I saw this film Sunday and it still resides in my heart and haunts me. This is the first documentary I have ever seen that has drawn me in completely, and made me feel as though I am part of the story and a friend to the victim. It was a roller-coaster of emotions and there were quite a few teary-eyed people by the end. I feel I had to give it a proper review, but like many have stated, it's hard to do so without ruining the effect the filmmaker intends. This story pulls you along and unfolds as it does for our narrator, the filmmaker, Kurt Kunne. His story is personal because he grew up with the central figure, Dr. Andrew Bagby.

Andrew's parents, David and Kate, whom I had a chance to meet with after the screening, are lovely people, and I instantly saw why they foster so much love and support throughout the film: They are genuinely kind people who give off a wonderful parental-vibe. They show so much love and hope in the face of almost insurmountable evil. You hold onto their love and hope through the last few minutes, and eventually you find what the narrator finds: inspiration.

The editing and the directing reveal a truly gifted filmmaker, Mr. Kunne, a superb storyteller, bounces back and forth between past and present events. He reveals what happens at several key points which leads us an ending you should rather just see than have me explain.

From what I've read there were several richly deserved standing ovations as the film ventured into the festival circuit.
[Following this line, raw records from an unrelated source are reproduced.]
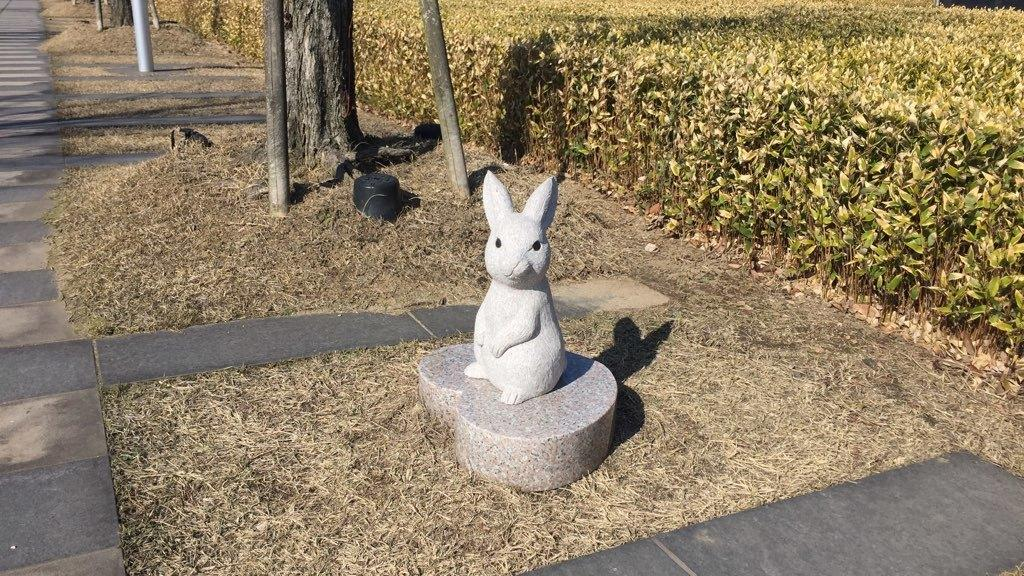What is the main subject in the middle of the image? There is a statue of a rabbit in the middle of the image. What can be seen on the top left side of the image? There is a trunk of a tree on the top left side of the image. What type of landscape is visible on the right side of the image? There is an agriculture field on the right side of the image. How many beds are visible in the image? There are no beds present in the image. What type of finger can be seen interacting with the statue in the image? There is no finger present in the image; it only features a statue of a rabbit, a tree trunk, and an agriculture field. 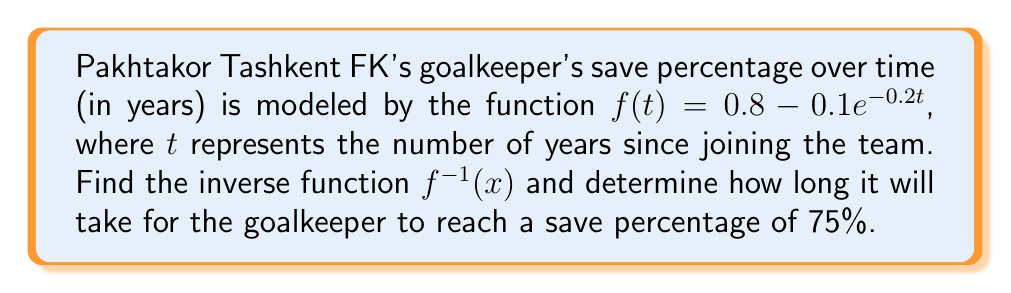What is the answer to this math problem? 1) To find the inverse function, we first replace $f(t)$ with $x$:

   $x = 0.8 - 0.1e^{-0.2t}$

2) Subtract 0.8 from both sides:

   $x - 0.8 = -0.1e^{-0.2t}$

3) Divide both sides by -0.1:

   $\frac{0.8 - x}{0.1} = e^{-0.2t}$

4) Take the natural logarithm of both sides:

   $\ln(\frac{0.8 - x}{0.1}) = -0.2t$

5) Divide both sides by -0.2:

   $-5\ln(\frac{0.8 - x}{0.1}) = t$

6) Therefore, the inverse function is:

   $f^{-1}(x) = -5\ln(\frac{0.8 - x}{0.1})$

7) To find how long it takes to reach a 75% save percentage, we substitute $x = 0.75$ into $f^{-1}(x)$:

   $f^{-1}(0.75) = -5\ln(\frac{0.8 - 0.75}{0.1}) = -5\ln(0.5) \approx 3.47$ years
Answer: $f^{-1}(x) = -5\ln(\frac{0.8 - x}{0.1})$; approximately 3.47 years 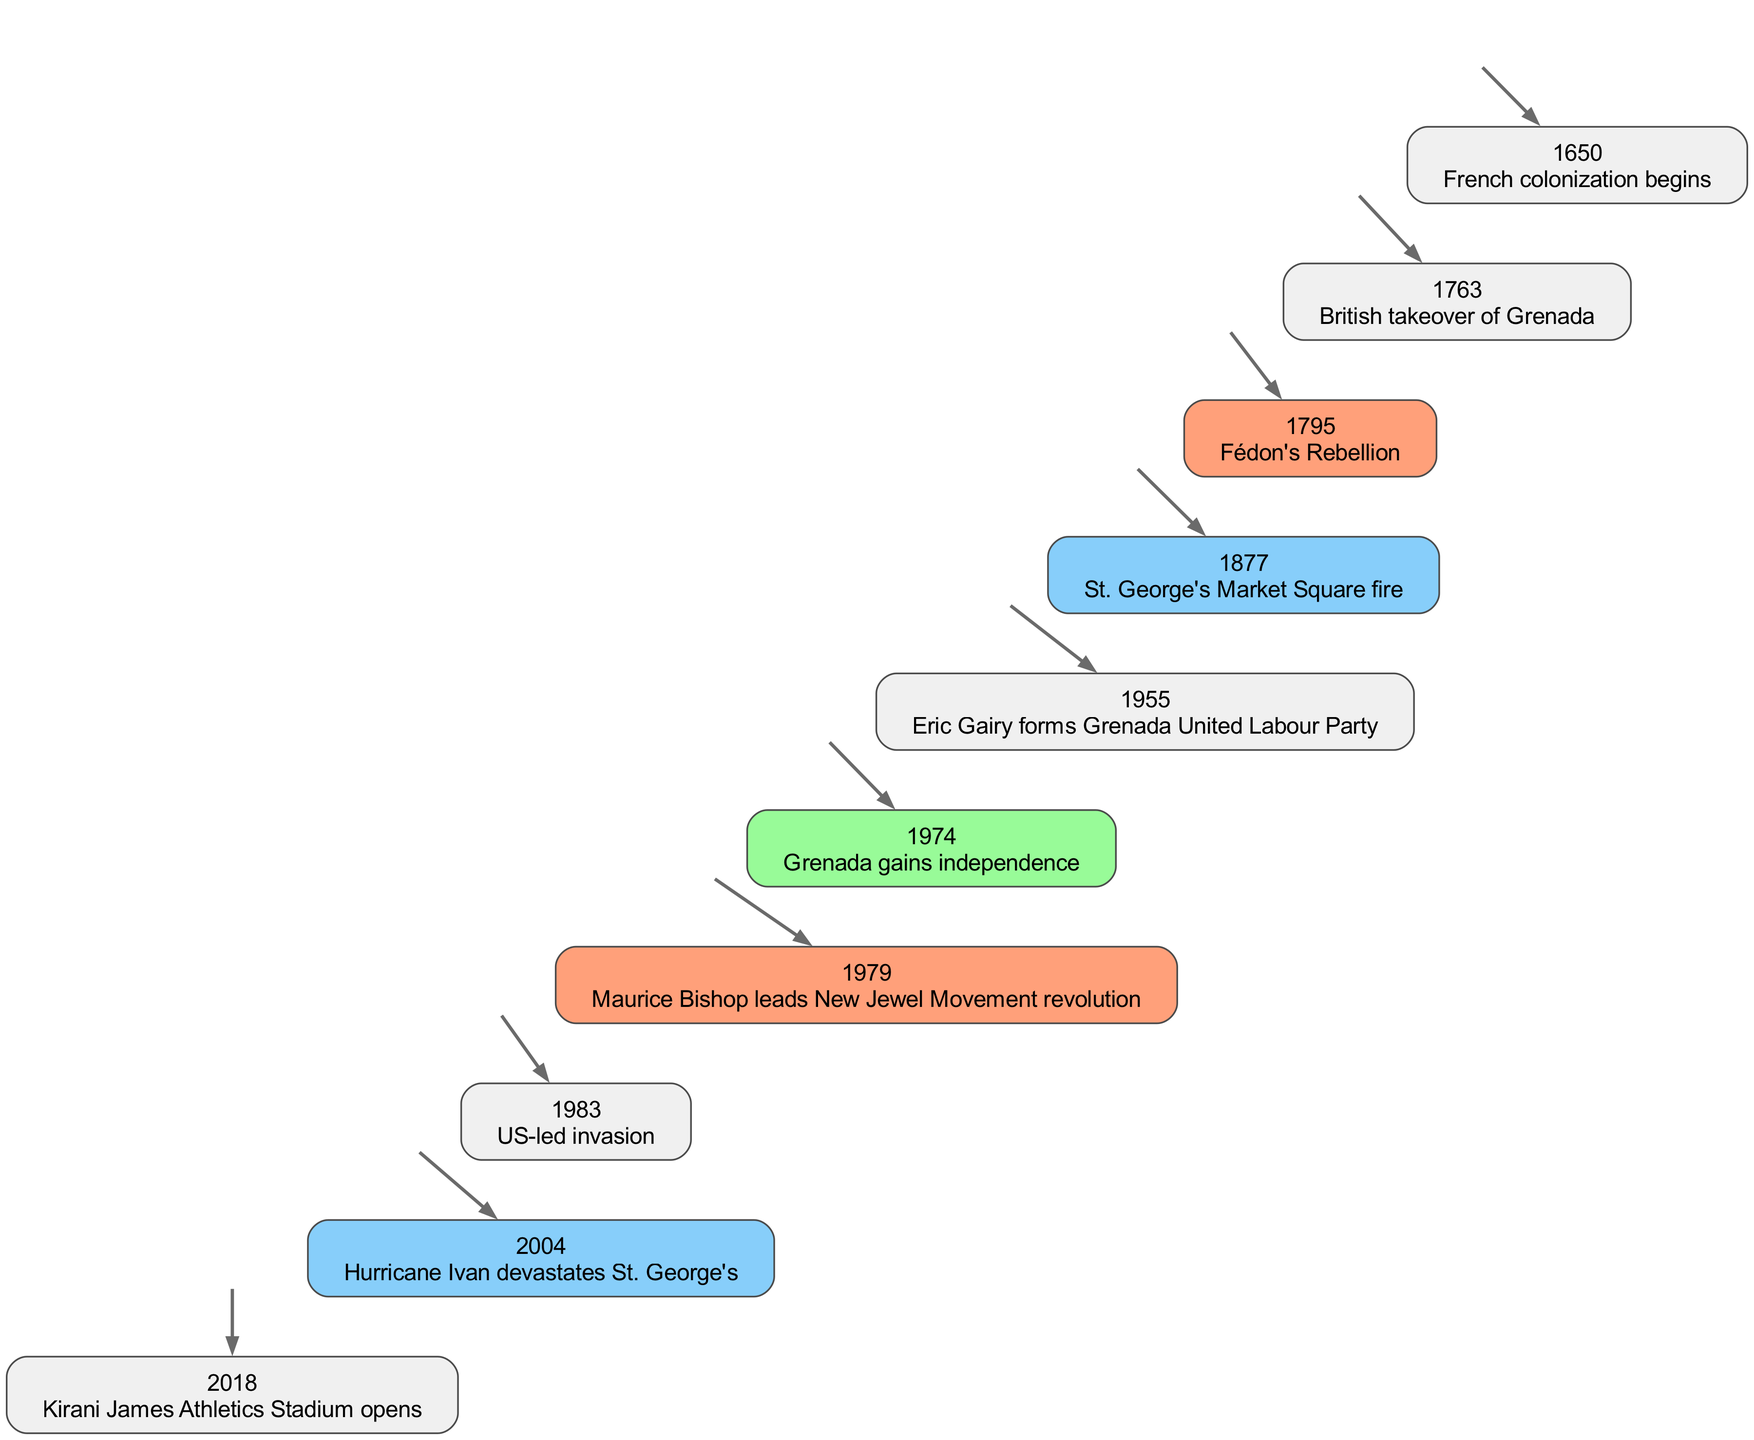What year did the British takeover of Grenada occur? The timeline indicates that the British takeover of Grenada happened in 1763, as this event is listed explicitly with its corresponding year.
Answer: 1763 How many significant events are listed in the timeline? By counting the events in the timeline data, we see there are a total of 10 events.
Answer: 10 What is the event that corresponds to the year 1983? Referring to the timeline, the event listed for the year 1983 is the US-led invasion, which can be directly found in the data provided.
Answer: US-led invasion What color represents events related to disasters in the timeline? The timeline indicates that light sky blue is the color used to represent events related to disasters, evident from the color coding of the nodes in the diagram.
Answer: Light Sky Blue What terminal event follows Grenada gaining independence in 1974? The timeline shows that after the event of Grenada gaining independence in 1974, the next event is the revolution led by Maurice Bishop in 1979, which can be tracked along the timeline flow.
Answer: Maurice Bishop leads New Jewel Movement revolution Which event marks the beginning of French colonization? According to the timeline data, the event that marks the beginning of French colonization is listed as occurring in 1650.
Answer: French colonization begins Identify the first major political event in the timeline. The first event that can be categorized as a major political change is the British takeover of Grenada in 1763, as it represents a significant shift in governance on the island.
Answer: British takeover of Grenada What major cultural milestone occurred in 2018? The timeline states that the Kirani James Athletics Stadium opened in 2018, marking a significant cultural development in St. George's history.
Answer: Kirani James Athletics Stadium opens What significant rebellion occurred in 1795? From the timeline, it is evident that Fédon's Rebellion is the significant event that happened in 1795, directly referenced in the data.
Answer: Fédon's Rebellion Which event is associated with the year 2004? The event associated with the year 2004 is Hurricane Ivan, as highlighted in the timeline data, indicating its impact on St. George's.
Answer: Hurricane Ivan devastates St. George's 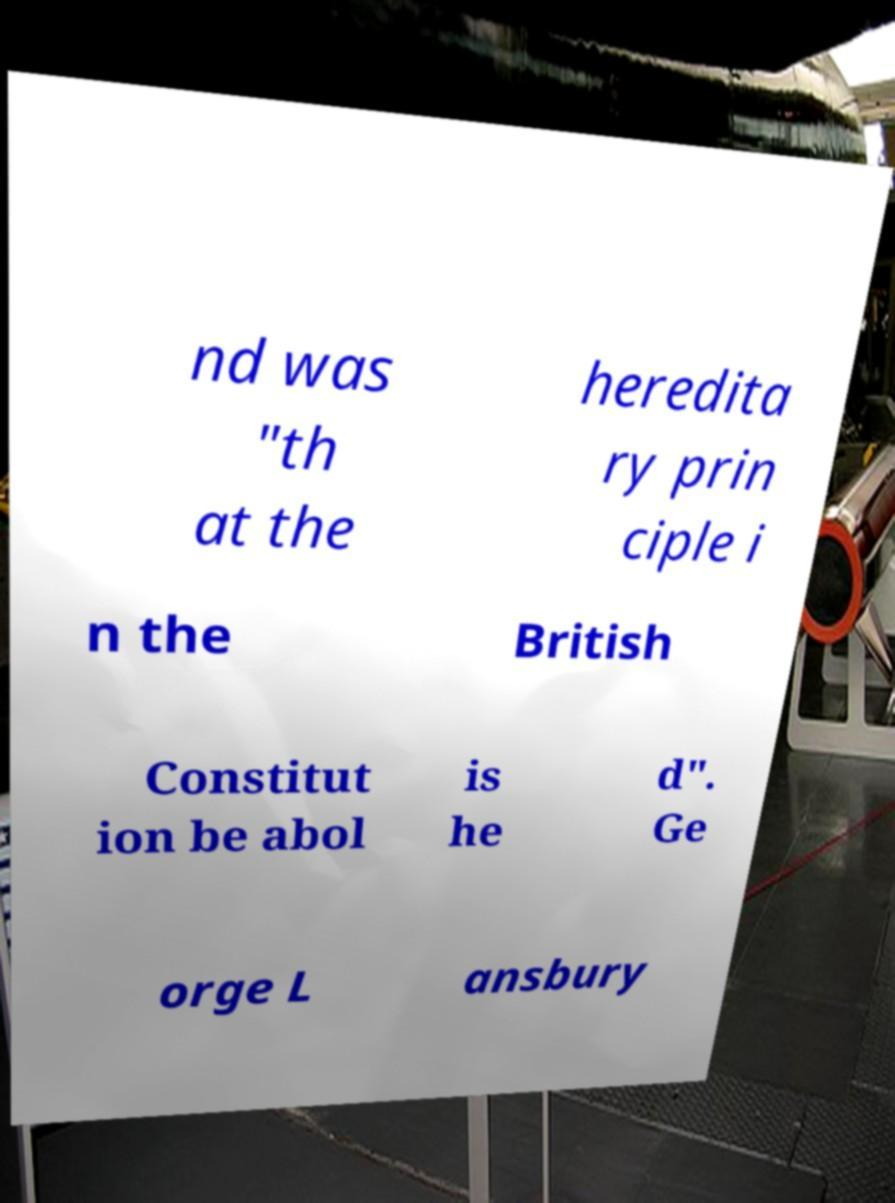There's text embedded in this image that I need extracted. Can you transcribe it verbatim? nd was "th at the heredita ry prin ciple i n the British Constitut ion be abol is he d". Ge orge L ansbury

If you have a chance to see, "Dear Zachary," this film will be playing until Thursday of this week at the arc-light cinemas in Hollywood. The filmmaker, Kurt, said the film will be making a return to Hollywood in early November and shall be coming to New York City in late October, MSNBC will be premiering the film December 7th and the DVD shall go on sale some time in mid-FEBRUARY.

I suggest everyone pays their money to see this film for the sake of advocacy groups and to support bail reform in Canada. Although the legal system in Canada is put on trial in this documentary, it reveals a real problem with our own justice system here in the United States, and how some criminals are given preferential treatment over victims and their families' rights.

I cannot tell you how much this film has affected me. How truly inspirational I find David Bagby and Kate Bagby to be…

Please support Academy caliber documentaries, with a strong sense of heart, and a great message of hope. This is a wonderful, albeit tragic and yet inspiring film.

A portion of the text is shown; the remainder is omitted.